Omit each picture as you copy the entries exactly.

####################

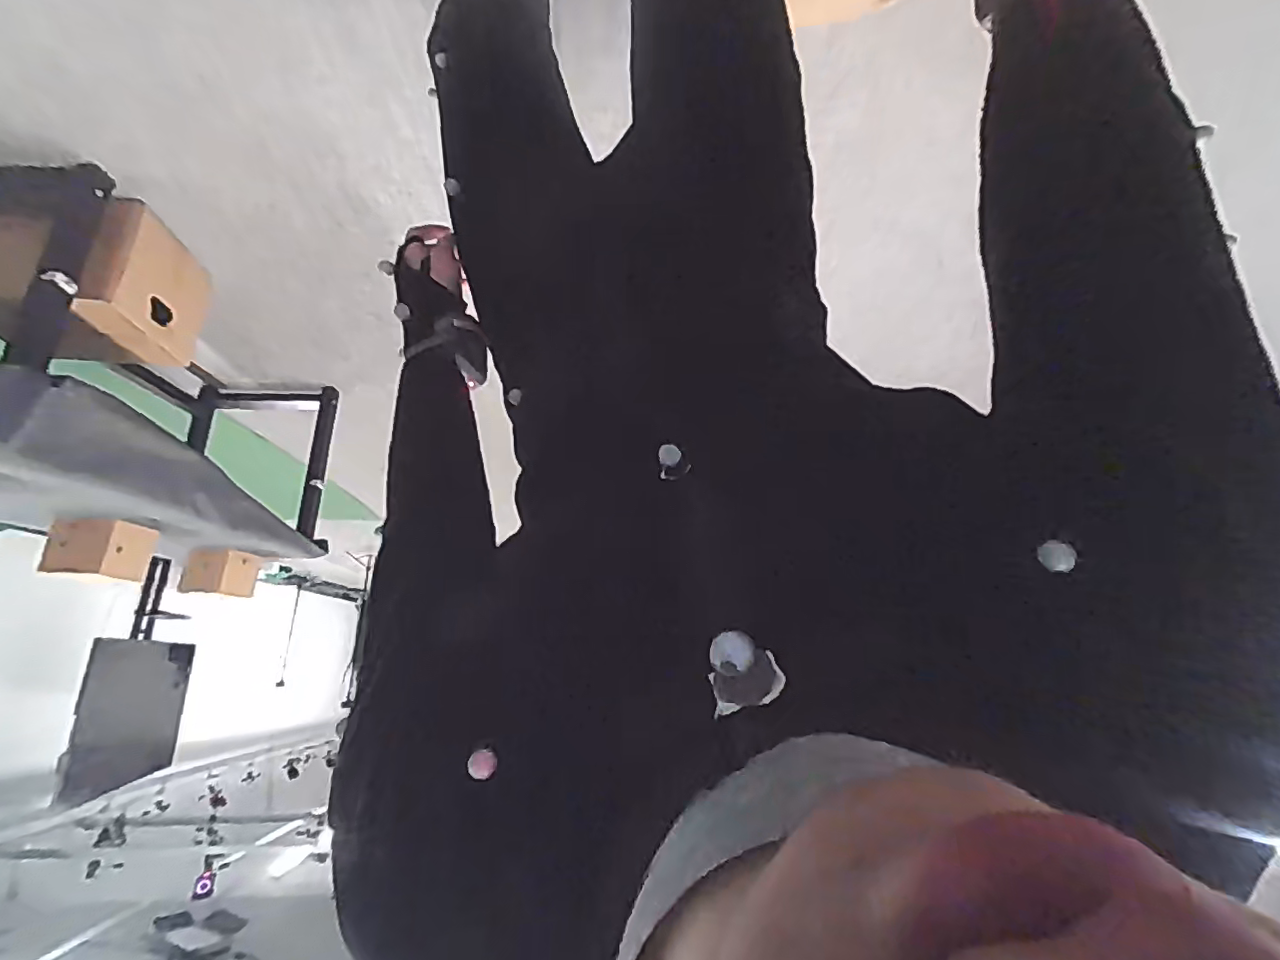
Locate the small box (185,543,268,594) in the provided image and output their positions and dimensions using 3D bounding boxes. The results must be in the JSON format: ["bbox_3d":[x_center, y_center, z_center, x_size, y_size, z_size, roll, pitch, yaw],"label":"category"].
[{"bbox_3d":[-1.572,0.338,2.064,0.168,0.176,0.179,0,161,3],"label":"small box"}]

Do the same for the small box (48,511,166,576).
[{"bbox_3d":[-1.591,0.194,1.625,0.168,0.176,0.179,3,163,-4],"label":"small box"}]
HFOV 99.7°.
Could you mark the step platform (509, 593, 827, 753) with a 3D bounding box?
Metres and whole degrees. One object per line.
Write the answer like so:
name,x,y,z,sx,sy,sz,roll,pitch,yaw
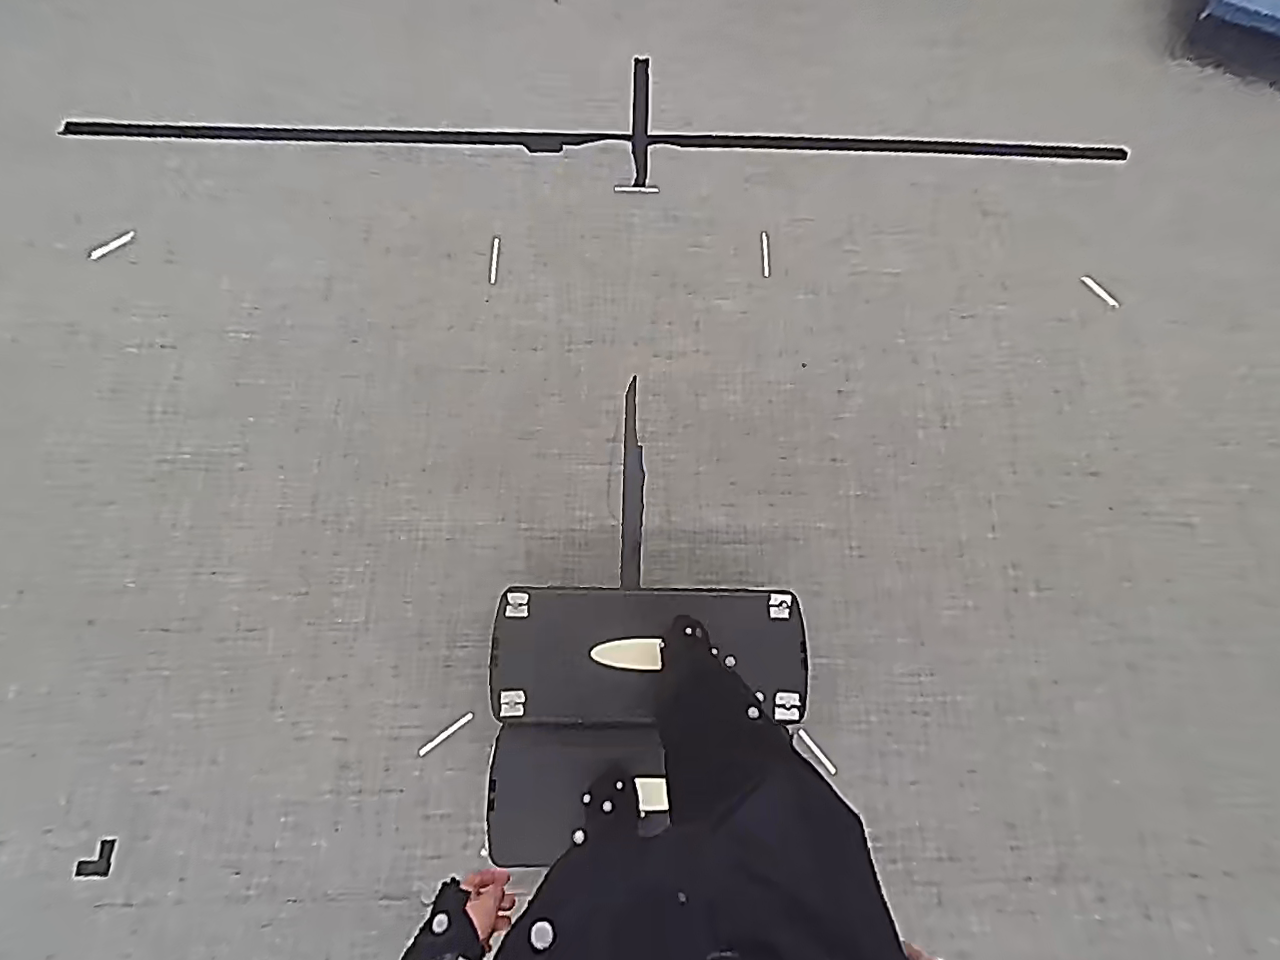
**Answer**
step platform,0.059,0.422,1.207,0.684,0.204,0.286,5,73,-1

####################

EXERCISE SOLUTION:
Locate the small box (185,543,268,594) in the provided image and output their positions and dimensions using 3D bounding boxes. The results must be in the JSON format: ["bbox_3d":[x_center, y_center, z_center, x_size, y_size, z_size, roll, pitch, yaw],"label":"category"].
[{"bbox_3d":[-1.572,0.338,2.064,0.168,0.176,0.179,0,161,3],"label":"small box"}]

Do the same for the small box (48,511,166,576).
[{"bbox_3d":[-1.591,0.194,1.625,0.168,0.176,0.179,3,163,-4],"label":"small box"}]
HFOV 99.7°.
Could you mark the step platform (509, 593, 827, 753) with a 3D bounding box?
Metres and whole degrees. One object per line.
Write the answer like so:
name,x,y,z,sx,sy,sz,roll,pitch,yaw
**Answer**
step platform,0.059,0.422,1.207,0.684,0.204,0.286,5,73,-1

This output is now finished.